> [Work order]
Take the entries below and print, exactly, the stretch from the line containing "Keep it short and to the point. 0.73." through the line containing "Georgia in 2004 to that in 2008?", both included.

Dataset records
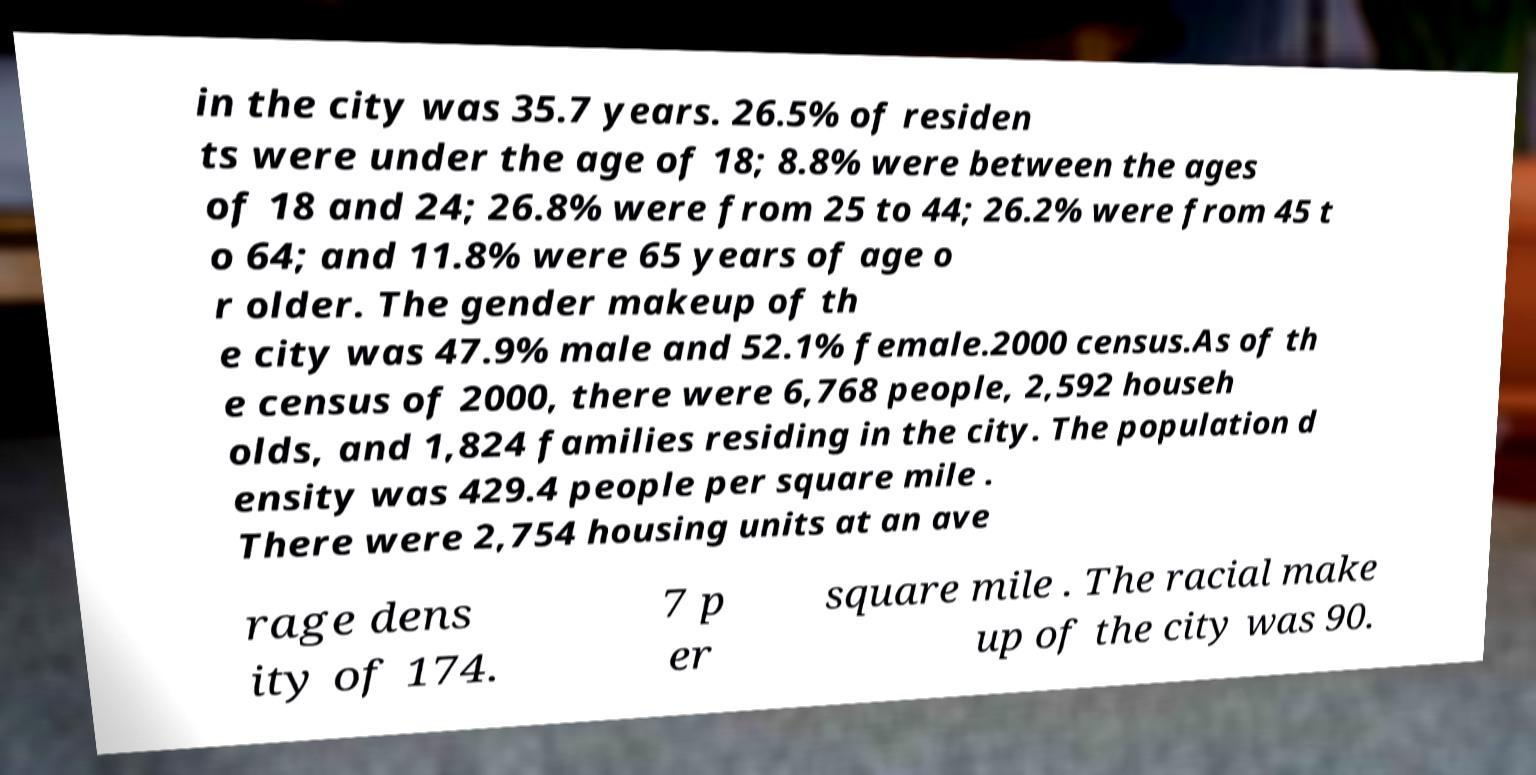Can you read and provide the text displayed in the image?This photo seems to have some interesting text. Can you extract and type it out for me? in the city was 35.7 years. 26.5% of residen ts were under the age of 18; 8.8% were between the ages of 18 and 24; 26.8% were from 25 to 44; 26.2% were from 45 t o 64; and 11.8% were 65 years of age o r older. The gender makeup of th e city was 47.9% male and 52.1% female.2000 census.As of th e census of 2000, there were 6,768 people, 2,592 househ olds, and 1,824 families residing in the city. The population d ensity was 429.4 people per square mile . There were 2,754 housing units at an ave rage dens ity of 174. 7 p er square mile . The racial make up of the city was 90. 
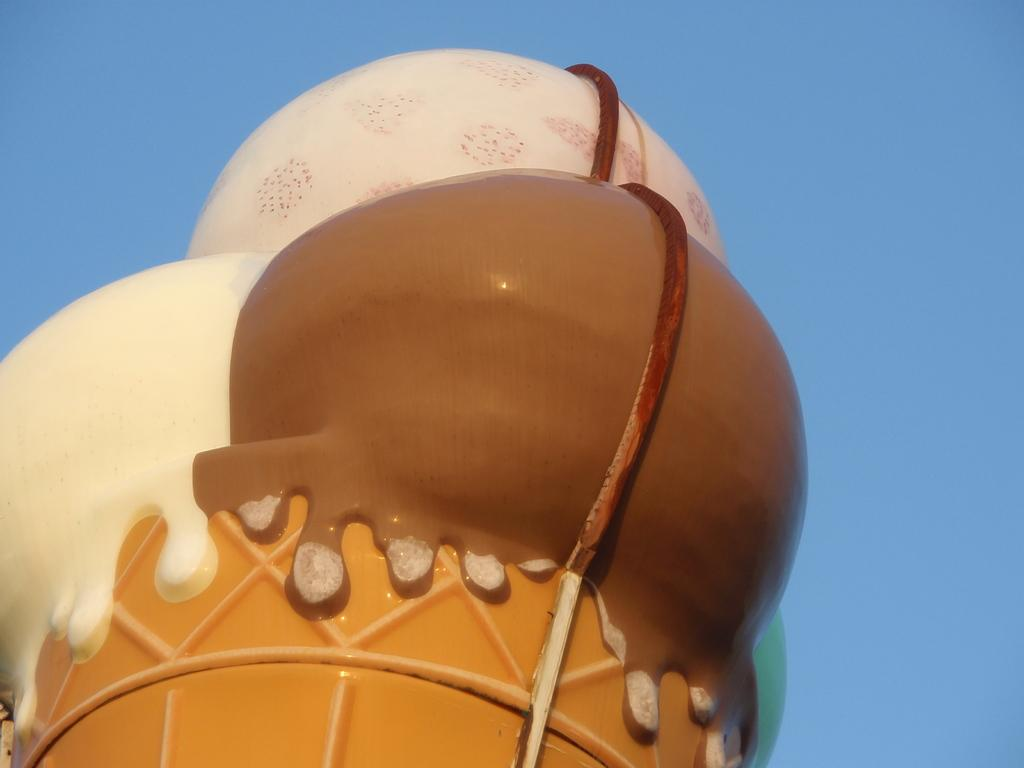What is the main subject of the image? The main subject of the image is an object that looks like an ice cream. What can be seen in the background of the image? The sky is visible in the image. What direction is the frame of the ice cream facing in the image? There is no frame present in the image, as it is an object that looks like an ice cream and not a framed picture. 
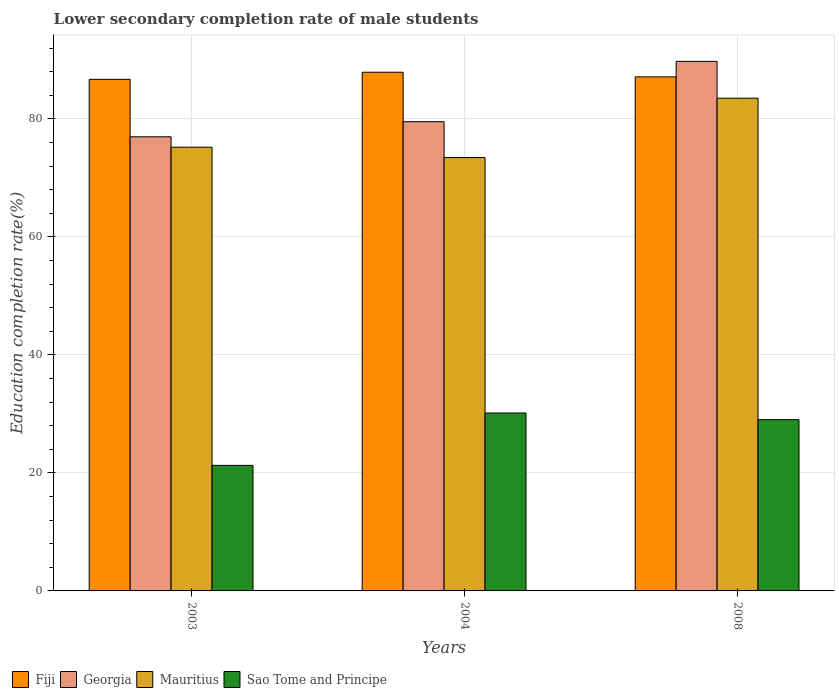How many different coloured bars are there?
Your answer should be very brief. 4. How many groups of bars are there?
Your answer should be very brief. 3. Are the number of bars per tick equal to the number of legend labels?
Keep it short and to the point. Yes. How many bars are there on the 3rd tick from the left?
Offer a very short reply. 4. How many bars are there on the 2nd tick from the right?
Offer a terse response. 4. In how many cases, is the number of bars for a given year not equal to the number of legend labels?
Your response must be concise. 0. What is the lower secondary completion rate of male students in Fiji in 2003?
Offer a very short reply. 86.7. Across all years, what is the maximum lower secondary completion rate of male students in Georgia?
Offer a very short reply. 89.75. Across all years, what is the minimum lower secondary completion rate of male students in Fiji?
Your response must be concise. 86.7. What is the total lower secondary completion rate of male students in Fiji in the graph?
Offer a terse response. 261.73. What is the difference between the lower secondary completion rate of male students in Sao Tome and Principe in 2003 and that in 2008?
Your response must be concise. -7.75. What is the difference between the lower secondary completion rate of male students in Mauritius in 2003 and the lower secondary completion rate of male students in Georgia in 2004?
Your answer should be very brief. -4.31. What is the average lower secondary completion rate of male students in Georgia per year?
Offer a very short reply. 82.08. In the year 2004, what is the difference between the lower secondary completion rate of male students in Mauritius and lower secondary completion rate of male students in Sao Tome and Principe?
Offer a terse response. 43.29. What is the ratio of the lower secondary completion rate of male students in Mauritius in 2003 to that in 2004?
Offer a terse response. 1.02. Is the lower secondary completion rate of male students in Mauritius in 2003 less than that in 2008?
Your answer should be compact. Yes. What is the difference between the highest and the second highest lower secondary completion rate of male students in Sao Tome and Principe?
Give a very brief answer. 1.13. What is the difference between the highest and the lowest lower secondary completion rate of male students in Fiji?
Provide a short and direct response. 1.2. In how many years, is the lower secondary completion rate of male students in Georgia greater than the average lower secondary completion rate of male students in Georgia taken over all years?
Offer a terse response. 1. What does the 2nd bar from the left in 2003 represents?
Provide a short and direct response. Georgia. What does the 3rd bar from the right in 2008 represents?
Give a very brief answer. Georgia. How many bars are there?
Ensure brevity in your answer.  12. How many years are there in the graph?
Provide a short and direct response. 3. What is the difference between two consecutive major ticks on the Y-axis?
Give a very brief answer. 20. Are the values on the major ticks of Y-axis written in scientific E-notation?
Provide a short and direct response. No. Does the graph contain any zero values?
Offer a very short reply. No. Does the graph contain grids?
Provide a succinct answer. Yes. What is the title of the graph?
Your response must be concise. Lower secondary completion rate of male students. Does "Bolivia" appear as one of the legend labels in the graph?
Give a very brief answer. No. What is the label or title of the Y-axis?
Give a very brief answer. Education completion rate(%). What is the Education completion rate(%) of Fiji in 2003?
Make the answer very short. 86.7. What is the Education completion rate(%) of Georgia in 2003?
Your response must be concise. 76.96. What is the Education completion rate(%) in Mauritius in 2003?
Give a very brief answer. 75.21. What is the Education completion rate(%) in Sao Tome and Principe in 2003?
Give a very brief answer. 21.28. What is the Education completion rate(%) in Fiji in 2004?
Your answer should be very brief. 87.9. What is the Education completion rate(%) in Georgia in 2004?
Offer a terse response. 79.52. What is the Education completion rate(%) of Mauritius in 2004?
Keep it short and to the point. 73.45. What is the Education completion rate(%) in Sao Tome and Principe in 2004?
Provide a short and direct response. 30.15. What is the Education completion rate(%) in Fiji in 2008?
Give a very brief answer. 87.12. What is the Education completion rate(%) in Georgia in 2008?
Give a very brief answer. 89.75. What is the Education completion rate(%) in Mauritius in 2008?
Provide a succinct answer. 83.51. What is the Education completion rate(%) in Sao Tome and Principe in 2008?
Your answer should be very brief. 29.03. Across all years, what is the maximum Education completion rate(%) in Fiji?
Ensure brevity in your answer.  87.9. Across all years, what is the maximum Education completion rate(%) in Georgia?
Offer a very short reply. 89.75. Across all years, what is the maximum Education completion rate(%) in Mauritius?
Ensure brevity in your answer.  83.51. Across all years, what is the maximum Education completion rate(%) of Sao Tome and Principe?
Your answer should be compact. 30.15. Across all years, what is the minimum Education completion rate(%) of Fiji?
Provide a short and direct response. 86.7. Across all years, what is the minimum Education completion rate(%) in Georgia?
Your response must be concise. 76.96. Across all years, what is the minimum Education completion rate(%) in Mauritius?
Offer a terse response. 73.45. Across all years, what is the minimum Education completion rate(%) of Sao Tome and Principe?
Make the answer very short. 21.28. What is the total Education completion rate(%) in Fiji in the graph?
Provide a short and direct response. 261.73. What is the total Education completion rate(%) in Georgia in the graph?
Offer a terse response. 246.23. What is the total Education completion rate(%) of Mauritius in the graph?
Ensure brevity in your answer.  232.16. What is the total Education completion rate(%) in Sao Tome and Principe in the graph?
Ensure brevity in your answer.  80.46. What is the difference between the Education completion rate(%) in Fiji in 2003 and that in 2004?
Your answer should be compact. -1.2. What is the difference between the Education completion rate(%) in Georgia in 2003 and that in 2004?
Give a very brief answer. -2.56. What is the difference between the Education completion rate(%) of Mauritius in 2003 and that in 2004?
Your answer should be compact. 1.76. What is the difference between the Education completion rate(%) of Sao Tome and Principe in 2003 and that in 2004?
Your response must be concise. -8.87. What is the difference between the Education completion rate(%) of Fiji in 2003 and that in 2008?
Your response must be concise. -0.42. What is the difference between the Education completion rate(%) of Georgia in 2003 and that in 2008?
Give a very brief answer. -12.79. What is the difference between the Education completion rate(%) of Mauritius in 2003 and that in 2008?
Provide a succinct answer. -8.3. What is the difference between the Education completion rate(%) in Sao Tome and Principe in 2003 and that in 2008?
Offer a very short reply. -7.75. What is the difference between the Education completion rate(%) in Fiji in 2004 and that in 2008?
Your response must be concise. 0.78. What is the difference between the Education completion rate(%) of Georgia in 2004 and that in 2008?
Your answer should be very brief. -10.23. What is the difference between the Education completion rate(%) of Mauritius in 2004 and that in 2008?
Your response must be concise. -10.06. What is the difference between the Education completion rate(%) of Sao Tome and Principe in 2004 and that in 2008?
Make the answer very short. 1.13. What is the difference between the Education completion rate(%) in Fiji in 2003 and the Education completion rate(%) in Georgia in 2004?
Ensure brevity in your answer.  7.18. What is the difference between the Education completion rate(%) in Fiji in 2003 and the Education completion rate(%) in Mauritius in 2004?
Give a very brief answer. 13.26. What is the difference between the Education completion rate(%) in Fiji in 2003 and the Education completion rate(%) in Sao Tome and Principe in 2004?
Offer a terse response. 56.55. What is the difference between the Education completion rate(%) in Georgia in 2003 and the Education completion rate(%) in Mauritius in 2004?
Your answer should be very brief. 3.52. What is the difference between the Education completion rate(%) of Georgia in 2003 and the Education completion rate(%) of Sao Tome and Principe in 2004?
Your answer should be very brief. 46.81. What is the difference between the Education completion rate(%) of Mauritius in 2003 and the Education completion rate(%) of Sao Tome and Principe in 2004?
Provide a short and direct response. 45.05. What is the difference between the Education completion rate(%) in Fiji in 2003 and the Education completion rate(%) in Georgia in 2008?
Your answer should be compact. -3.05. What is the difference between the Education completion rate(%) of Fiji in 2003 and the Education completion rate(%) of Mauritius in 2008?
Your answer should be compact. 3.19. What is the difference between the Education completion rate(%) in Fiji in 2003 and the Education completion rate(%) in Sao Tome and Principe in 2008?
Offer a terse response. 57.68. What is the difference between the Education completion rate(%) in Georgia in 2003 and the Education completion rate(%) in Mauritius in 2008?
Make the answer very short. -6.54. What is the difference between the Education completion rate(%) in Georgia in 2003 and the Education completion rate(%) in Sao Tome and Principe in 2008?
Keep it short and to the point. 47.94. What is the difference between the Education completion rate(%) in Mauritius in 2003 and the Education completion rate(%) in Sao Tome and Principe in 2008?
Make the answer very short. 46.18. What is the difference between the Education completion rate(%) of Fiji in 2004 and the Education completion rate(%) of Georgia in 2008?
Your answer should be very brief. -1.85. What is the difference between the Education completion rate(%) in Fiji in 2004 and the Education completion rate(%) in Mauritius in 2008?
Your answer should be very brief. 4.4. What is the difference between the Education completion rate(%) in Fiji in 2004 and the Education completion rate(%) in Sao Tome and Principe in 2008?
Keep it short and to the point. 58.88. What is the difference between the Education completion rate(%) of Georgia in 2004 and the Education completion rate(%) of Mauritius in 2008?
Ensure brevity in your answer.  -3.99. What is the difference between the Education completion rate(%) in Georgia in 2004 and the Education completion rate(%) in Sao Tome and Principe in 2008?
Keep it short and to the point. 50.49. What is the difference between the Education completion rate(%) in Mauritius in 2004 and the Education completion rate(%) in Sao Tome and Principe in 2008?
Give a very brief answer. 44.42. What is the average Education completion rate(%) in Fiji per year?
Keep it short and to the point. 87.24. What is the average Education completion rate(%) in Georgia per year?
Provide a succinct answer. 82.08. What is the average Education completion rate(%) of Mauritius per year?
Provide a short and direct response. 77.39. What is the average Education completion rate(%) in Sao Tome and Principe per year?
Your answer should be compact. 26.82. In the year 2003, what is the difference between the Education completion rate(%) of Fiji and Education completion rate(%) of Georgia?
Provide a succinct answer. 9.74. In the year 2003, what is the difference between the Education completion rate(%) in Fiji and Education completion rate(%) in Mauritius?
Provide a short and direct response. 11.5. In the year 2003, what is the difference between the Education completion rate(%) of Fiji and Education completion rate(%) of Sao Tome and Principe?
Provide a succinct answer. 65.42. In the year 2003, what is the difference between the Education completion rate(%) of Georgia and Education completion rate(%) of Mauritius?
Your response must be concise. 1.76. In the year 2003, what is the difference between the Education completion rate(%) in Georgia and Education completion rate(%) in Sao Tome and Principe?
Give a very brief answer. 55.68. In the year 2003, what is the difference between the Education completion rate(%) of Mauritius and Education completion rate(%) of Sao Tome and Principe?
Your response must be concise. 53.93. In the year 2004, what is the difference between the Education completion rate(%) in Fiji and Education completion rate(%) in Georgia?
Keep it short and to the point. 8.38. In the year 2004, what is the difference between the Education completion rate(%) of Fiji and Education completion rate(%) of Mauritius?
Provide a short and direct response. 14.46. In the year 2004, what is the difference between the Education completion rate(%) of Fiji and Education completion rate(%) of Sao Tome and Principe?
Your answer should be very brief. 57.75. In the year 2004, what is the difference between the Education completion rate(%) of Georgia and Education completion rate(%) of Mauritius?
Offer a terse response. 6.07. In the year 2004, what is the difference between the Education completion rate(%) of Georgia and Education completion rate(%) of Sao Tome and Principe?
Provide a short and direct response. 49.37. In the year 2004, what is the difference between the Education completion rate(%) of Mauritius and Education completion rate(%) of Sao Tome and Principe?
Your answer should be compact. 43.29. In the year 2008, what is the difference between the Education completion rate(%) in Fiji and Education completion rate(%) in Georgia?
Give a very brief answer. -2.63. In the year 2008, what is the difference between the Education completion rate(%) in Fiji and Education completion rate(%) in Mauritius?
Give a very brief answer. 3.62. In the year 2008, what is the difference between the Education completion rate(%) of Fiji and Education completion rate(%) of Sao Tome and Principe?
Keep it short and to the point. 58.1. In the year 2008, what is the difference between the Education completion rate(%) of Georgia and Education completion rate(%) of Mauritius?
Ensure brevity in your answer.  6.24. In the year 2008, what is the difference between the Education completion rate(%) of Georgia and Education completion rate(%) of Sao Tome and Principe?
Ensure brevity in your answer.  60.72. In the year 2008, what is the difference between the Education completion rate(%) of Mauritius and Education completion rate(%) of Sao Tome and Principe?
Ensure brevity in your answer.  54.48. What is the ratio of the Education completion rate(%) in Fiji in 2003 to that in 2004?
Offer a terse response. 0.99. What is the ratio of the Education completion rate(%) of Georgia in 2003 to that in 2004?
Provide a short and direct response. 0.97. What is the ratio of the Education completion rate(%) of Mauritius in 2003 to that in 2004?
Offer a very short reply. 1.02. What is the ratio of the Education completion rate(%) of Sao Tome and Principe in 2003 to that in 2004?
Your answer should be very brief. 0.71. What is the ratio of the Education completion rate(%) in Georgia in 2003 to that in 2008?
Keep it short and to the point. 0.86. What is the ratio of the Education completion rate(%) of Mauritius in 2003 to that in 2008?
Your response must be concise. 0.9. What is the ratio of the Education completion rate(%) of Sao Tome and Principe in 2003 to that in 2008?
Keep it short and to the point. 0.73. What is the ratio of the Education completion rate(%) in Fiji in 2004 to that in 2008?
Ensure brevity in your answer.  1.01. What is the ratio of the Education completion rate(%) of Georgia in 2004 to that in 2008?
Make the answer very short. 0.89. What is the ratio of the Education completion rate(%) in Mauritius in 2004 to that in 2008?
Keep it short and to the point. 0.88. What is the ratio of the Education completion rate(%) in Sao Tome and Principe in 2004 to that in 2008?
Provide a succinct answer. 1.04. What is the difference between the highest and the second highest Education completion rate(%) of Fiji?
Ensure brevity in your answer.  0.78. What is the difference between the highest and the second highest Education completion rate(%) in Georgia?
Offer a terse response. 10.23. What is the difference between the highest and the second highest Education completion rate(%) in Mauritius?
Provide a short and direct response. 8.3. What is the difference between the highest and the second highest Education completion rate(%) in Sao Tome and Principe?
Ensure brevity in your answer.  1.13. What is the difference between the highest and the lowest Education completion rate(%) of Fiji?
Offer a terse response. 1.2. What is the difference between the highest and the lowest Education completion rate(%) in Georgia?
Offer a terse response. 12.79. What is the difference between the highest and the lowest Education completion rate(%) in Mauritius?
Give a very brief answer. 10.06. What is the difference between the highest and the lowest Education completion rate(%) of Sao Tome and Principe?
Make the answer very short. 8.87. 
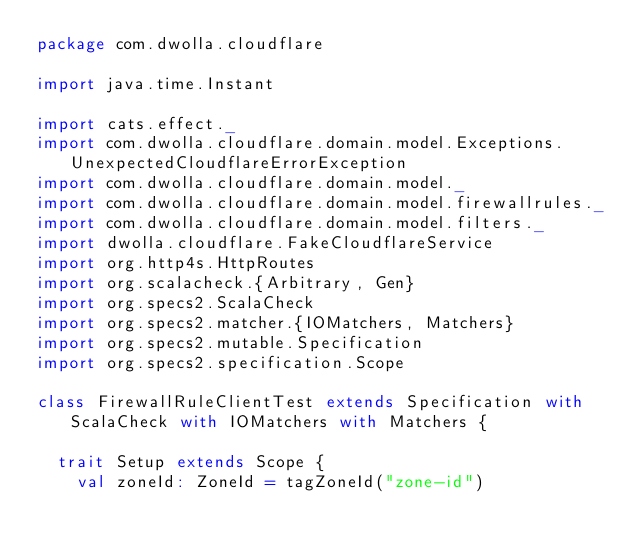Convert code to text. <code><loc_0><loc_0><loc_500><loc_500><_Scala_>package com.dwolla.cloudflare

> [Your solution]
Keep it short and to the point. 0.73. What is the ratio of the Education completion rate(%) in Fiji in 2004 to that in 2008?
Ensure brevity in your answer.  1.01. What is the ratio of the Education completion rate(%) of Georgia in 2004 to that in 2008?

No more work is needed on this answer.